Assistant Chief Constable Terry Sweeney of Greater Manchester Police has been served with a gross misconduct notice by the Independent Police Complaints Commission for his oversight role in the disposal of human tissue taken from 12 women killed by the GP.

The notice served against him means his “conduct or actions may have breached...standards of professional behaviour”.

It is understood the samples were kept to establish cause of death and were kept in storage for a number of years to ensure police had the appropriate evidence should the murderer or his family appeal against his conviction.

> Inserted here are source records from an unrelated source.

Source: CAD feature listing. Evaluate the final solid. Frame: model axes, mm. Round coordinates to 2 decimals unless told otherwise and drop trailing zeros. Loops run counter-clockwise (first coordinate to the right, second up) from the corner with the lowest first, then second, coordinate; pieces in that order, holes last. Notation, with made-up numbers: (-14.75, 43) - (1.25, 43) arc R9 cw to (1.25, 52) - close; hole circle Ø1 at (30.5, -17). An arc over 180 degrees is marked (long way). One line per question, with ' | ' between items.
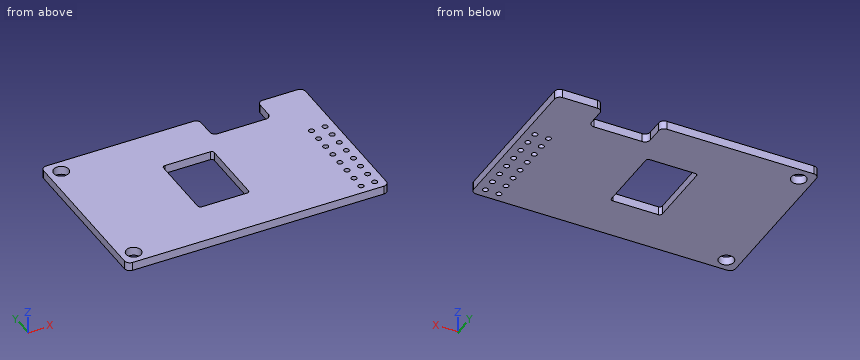
from build123d import *

# Parameters (mm, degrees)
SKETCH001_W         = 49
SKETCH001_H         = 31
SKETCH001_W_2       = 9.5
SKETCH001_H_2       = 13.25
PAD_DEPTH           = 1.6
SKETCH002_R         = 0.5
HOLE_DEPTH          = 25
LINEARPATTERN_COUNT = 8
LINEARPATTERN_PITCH = 2.54
SKETCH003_W         = 11
SKETCH003_H         = 5
POCKET_DEPTH        = 1.601
SKETCH004_R         = 1.4
HOLE001_DEPTH       = 25
FILLET_R            = 1
FILLET001_R         = 0.5
FILLET002_R         = 1


with BuildPart() as part:
    # Sketch001 → Pad (new body)
    with BuildSketch(Plane.XY):
        with Locations((-24.5, 15.5)):
            Rectangle(SKETCH001_W, SKETCH001_H)
        with Locations((-26.25, 15.375)):
            Rectangle(SKETCH001_W_2, SKETCH001_H_2, mode=Mode.SUBTRACT)
    extrude(amount=PAD_DEPTH)

    # Sketch002 (on Face10 of Pad) → Hole (cut)
    with BuildSketch(Plane.XY.offset(1.6)):
        with Locations((-1.78, 1.78)):
            Circle(SKETCH002_R)
        with Locations((-4.32, 1.78)):
            Circle(SKETCH002_R)
    hole = extrude(amount=-HOLE_DEPTH, mode=Mode.SUBTRACT)

    # LinearPattern: Hole ×8
    with Locations(*[(0, i * LINEARPATTERN_PITCH, 0) for i in range(1, LINEARPATTERN_COUNT)]):
        add(hole, mode=Mode.SUBTRACT)

    # Sketch003 (on Face5 of LinearPattern) → Pocket (cut, through all)
    with BuildSketch(Plane.XY.offset(1.6)):
        with Locations((-14, 28.5)):
            Rectangle(SKETCH003_W, SKETCH003_H)
    extrude(amount=-POCKET_DEPTH, mode=Mode.SUBTRACT)

    # Sketch004 (on Face5 of Pocket) → Hole001 (cut)
    with BuildSketch(Plane.XY.offset(1.6)):
        with Locations((-46.5, 28.5)):
            Circle(SKETCH004_R)
        with Locations((-46.5, 2.5)):
            Circle(SKETCH004_R)
    extrude(amount=-HOLE001_DEPTH, mode=Mode.SUBTRACT)

    # Fillet
    fillet_edges = [part.edges().sort_by_distance(p)[0] for p in [
        (-8.5, 26, 0.8),
        (-19.5, 26, 0.8),
        (-19.5, 31, 0.8),
        (-8.5, 31, 0.8),
        (0, 31, 0.8),
        (0, 0, 0.8),
    ]]
    fillet(fillet_edges, radius=FILLET_R)

    # Fillet001
    fillet001_edges = [part.edges().sort_by_distance(p)[0] for p in [
        (-21.5, 22, 0.8),
        (-21.5, 8.75, 0.8),
        (-31, 8.75, 0.8),
        (-31, 22, 0.8),
    ]]
    fillet(fillet001_edges, radius=FILLET001_R)

    # Fillet002
    fillet002_edges = [part.edges().sort_by_distance(p)[0] for p in [
        (-49, 31, 0.8),
        (-49, 0, 0.8),
    ]]
    fillet(fillet002_edges, radius=FILLET002_R)


solid = part.part
1. Section query B-B, the plane y = 19.56. Return loops of the section in (x, z), plus the area to 3 significant figures.
Worked out:
outline: (-49, 0) - (-31, 0) - (-31, 1.6) - (-49, 1.6) - close; (-21.5, 0) - (-4.82, 0) - (-4.82, 1.6) - (-21.5, 1.6) - close; (-3.82, 0) - (-2.28, 0) - (-2.28, 1.6) - (-3.82, 1.6) - close; (-1.28, 0) - (0, 0) - (0, 1.6) - (-1.28, 1.6) - close | area: 60.0 mm2
2. Section query A-A, the plane x = -30. Return loops of the section in (y, z).
Worked out:
outline: (0, 0) - (8.75, 0) - (8.75, 1.6) - (0, 1.6) - close; (22, 0) - (31, 0) - (31, 1.6) - (22, 1.6) - close
3. Section query C-C, the plane y = 28.5. Return loops of the section in (x, z).
Worked out:
outline: (-49, 0) - (-47.9, 0) - (-47.9, 1.6) - (-49, 1.6) - close; (-45.1, 0) - (-19.5, 0) - (-19.5, 1.6) - (-45.1, 1.6) - close; (-8.5, 0) - (0, 0) - (0, 1.6) - (-8.5, 1.6) - close
4. Contact query for flat-ended pins moving along their axis: P1, Ø0.5, axis at x = -12, z = 0.5, coming from the +Y side; P2, Ø2, axis at x = -46.5, y = 2.5, coming from the +Z side. Output: stop coordinate, or through.
Worked out:
P1: stops at y = 26 | P2: passes through
5. Section query D-D, the plane y = 10.5. Return loops of the section in (x, z), plus the area to 3 significant figures.
Worked out:
outline: (-49, 0) - (-31, 0) - (-31, 1.6) - (-49, 1.6) - close; (-21.5, 0) - (0, 0) - (0, 1.6) - (-21.5, 1.6) - close | area: 63.2 mm2
6. Material intervals for probe 1 along X at (y, z) = (12, 1.5); probe 2 along X at (y, z) = (11.5, 0.7); probe 3 along X at (y, z) = (29.5, 1.3), sorted ascending.
Worked out:
probe 1: x = -49 to -31, -21.5 to -4.82, -3.82 to -2.28, -1.28 to 0 | probe 2: x = -49 to -31, -21.5 to -4.56, -4.08 to -2.02, -1.54 to 0 | probe 3: x = -49 to -47.48, -45.52 to -19.5, -8.5 to 0
Autodesk Inventor part; units mm, degrees
ref_plane "YZ Plane" through (0, 0, 0) normal (1, 0, 0) x (0, 1, 0)
ref_plane "XZ Plane" through (0, 0, 0) normal (0, 1, 0) x (-1, 0, 0)
ref_plane "XY Plane" through (0, 0, 0) normal (0, 0, 1) x (1, 0, 0)
sketch "Sketch1" plane through (0, 0, 0) normal (0, 0, 1) x (1, 0, 0)
  line L0 (-165.1, 0) -> (165.1, 0) construction
  line L1 (-215.9, -25.4) -> (-165.1, -25.4)
  line L2 (-165.1, -25.4) -> (-165.1, 25.4)
  line L3 (-165.1, 25.4) -> (-215.9, 25.4)
  line L4 (-215.9, 25.4) -> (-215.9, -25.4)
  line L5 (-215.9, -25.4) -> (-165.1, 25.4) construction
  line L6 (-165.1, -25.4) -> (-215.9, 25.4) construction
  line L7 (215.9, -25.4) -> (165.1, -25.4)
  line L8 (165.1, -25.4) -> (165.1, 25.4)
  line L9 (165.1, 25.4) -> (215.9, 25.4)
  line L10 (215.9, 25.4) -> (215.9, -25.4)
  line L11 (215.9, -25.4) -> (165.1, 25.4) construction
  line L12 (165.1, -25.4) -> (215.9, 25.4) construction
  line L13 (-168.275, 22.225) -> (-168.275, -22.225)
  line L14 (-168.275, -22.225) -> (-212.725, -22.225)
  line L15 (-212.725, -22.225) -> (-212.725, 22.225)
  line L16 (-212.725, 22.225) -> (-168.275, 22.225)
  line L17 (212.725, -22.225) -> (168.275, -22.225)
  line L18 (168.275, -22.225) -> (168.275, 22.225)
  line L19 (168.275, 22.225) -> (212.725, 22.225)
  line L20 (212.725, 22.225) -> (212.725, -22.225)
  point P0 (0, 0)
  point P1 (0, 0)
  point P2 (-190.5, 0)
  point P3 (190.5, 0)
  dimension "d0" = 330.2
  dimension "d1" = 50.8
  dimension "d2" = 3.175
  dimension "d3" = 3.175
extrude "Extrusion1" add sketch "Sketch1" along normal blind 209.55
sketch "Sketch2" plane through (215.9, -25.4, 0) normal (1, 0, 0) x (0, 0, -1)
  line L0 (0, 25.4) -> (-209.55, 25.4) construction
  line L1 (-209.55, 3.175) -> (-209.55, 47.625) construction
  circle A0 centre (-190.5, 25.4) radius 15.875
  circle A1 centre (-190.5, 25.4) radius 12.7
  dimension "d6" = 31.75
  dimension "d7" = 19.05
  dimension "d8" = 3.175
extrude "Extrusion2" add sketch "Sketch2" against normal up to surface (431.8 mm away)
sketch "Sketch3" plane through (-215.9, 25.4, 0) normal (0, 1, 0) x (1, 0, 0)
  line L0 (431.8, 0) -> (0, 0)
  line L1 (0, 0) -> (0, 50.8)
  line L2 (0, 50.8) -> (431.8, 50.8)
  line L3 (431.8, 50.8) -> (431.8, 0)
  point P0 (215.9, 0)
  point P1 (215.9, 0)
  dimension "d11" = 431.8
  dimension "d12" = 50.8
extrude "Extrusion3" add sketch "Sketch3" against normal blind 2143.125
properties part number "rung" material "Aluminum 6061"
Input: part model. Units: mm. Frame: model coordinates. A direction names the side the tool comes from. Coordinates: 2 decimals unless noted, no trailing zeros. Write each loop counter-clockwise with the first axis right and the second up, starting at its lowest first coordinate (ties: lowest second). Pieces come first, ordered by that corner, then holes. Notation, with made-up numbers: M -28.75,5 L 29.25,5 A25 cw 29.25,31 Z; hole C -0.75,-27 d6. An arc over 180 degrees is marked long. Use one line per item in the form item = value.
Q1. Draft query along X for faces 1 (the face through (-190, -22.225, 103)), 2 (the face through (-3, -1031, -50.8)), 3 (the face through (-215.9, -882, -16)), 4 (the face through (168.275, 0, 103)). Return one class per face: released by +X, released by -X, zero draft, split by the parting line, or undercut.
Answer below:
face_1 = undercut
face_2 = zero draft
face_3 = released by -X
face_4 = undercut
Q2. First-contact query: pin 1 (22 mm diameter, centred on x = 186, y = -3.5, fed in from +Z) (3 decimals); pin 2 (1.5 mm diameter, centred on x = -111, y = -881.5, fed in from +Z); pin 3 (15 mm diameter, centred on x = -181.5, z = 90.5, fed in from -Y). Flat tips, straight axial feed; report the tip coordinate or a pass-through.
Answer below:
pin_1 = 206.375
pin_2 = 0
pin_3 = -25.4
Q3. Material intervals for probe 1 along Y at (x, z) = (183, 190) (3 decimals); probe 2 along Y at (x, z) = (6, 190); probe 3 along Y at (x, z) = (185, 181) (3 decimals), sorted ascending. Write a range as from..to.
Answer below:
probe_1 = -25.4..-22.225, -15.867..-12.69, 12.69..15.867, 22.225..25.4
probe_2 = -15.87..-12.69, 12.69..15.87
probe_3 = -25.4..-22.225, -12.719..-8.429, 8.429..12.719, 22.225..25.4
Q4. Section C-C (y = -1772). Return loops of the section in (x, z).
Answer below:
outline = M -215.9,-50.8 L 215.9,-50.8 L 215.9,0 L -215.9,0 Z
Q5. Section A-A (z = 92). Return loops of the section in (x, y) (3 decimals), plus the area to 3 significant figures.
Answer below:
outline = M -215.9,-25.4 L -165.1,-25.4 L -165.1,25.4 L -215.9,25.4 Z; M 165.1,-25.4 L 215.9,-25.4 L 215.9,25.4 L 165.1,25.4 Z; hole M -212.725,-22.225 L -168.275,-22.225 L -168.275,22.225 L -212.725,22.225 Z; hole M 168.275,-22.225 L 212.725,-22.225 L 212.725,22.225 L 168.275,22.225 Z
area = 1,210 mm²
Q6. Set-up query: faces 5 (the face through (-191, -25.4, 103)), 6 (the face through (190, 22.225, 103)), 7 (the face through (-190, 0, 0)). Return all of +Z, -Z, +X, -X, +Y, -Y with unobstructed straight access to the full face (end or side cutting, diameter ignored); none if empty.
Answer below:
face_5 = +Z, +X, -X, -Y
face_6 = +Z
face_7 = none
Q7. Section B-B (x = -139). Return loops of the section in (y, z) (3 decimals), plus the area to 3 significant figures.
Answer below:
outline = M -2117.725,-50.8 L 25.4,-50.8 L 25.4,0 L -2117.725,0 Z; C 0,190.5 d31.75; hole C 0,190.5 d25.4
area = 109,000 mm²

Greater Manchester Police admitted last year that it had retained the human tissue for more than a decade, before secretly destroying it without their family’s permission. Shipman, whose first position as a GP was in Todmorden before moving to Manchester, was convicted of 15 murders in 2000, but is thought to have killed many more.

Mr Sweeney had been seconded to the police inquiry into the 1989 Hillsborough disaster but returned to GMP after three investigations were launched at the force following a string of allegations made by a serving whistleblower.

And the IPCC revealed yesterday that chief constable Sir Peter Fahy is one of three serving officers at the force to be served with both a criminal and gross misconduct notice as a result of the new inquiries.

Sir Peter has been told he is now subject to a criminal probe “in relation to his alleged support” in an allegedly poorly-handled investigation into a suspected sex offender.

A serving detective superintendent and a detective chief inspector, all serving, as well as a retired officer, have been handed criminal and gross misconduct notices in relation to the same investigation.

The IPCC inquiry was broken down into three investigations - claims concerning Shipman’s victims, allegations against a detective chief inspector, and claims concerning a sexual abuse investigation.

It comes weeks after West Yorkshire Police chief constable Mark Gilmore was suspended while an investigation was carried out over alleged “criminal activity during his time in Northern Ireland”.

Labour’s Rochdale MP Simon Danczuk says Sir Peter should also be suspended, but Greater Manchester Police and Crime Commissioner Tony Lloyd said “nothing has been placed before me at this time” to make him consider his position.

Sir Peter said in a statement: “As a chief constable, you face making complex decisions on a daily basis about many high-risk and challenging situations. It is right that this decision-making is scrutinised and that I am held to account as part of this investigation.”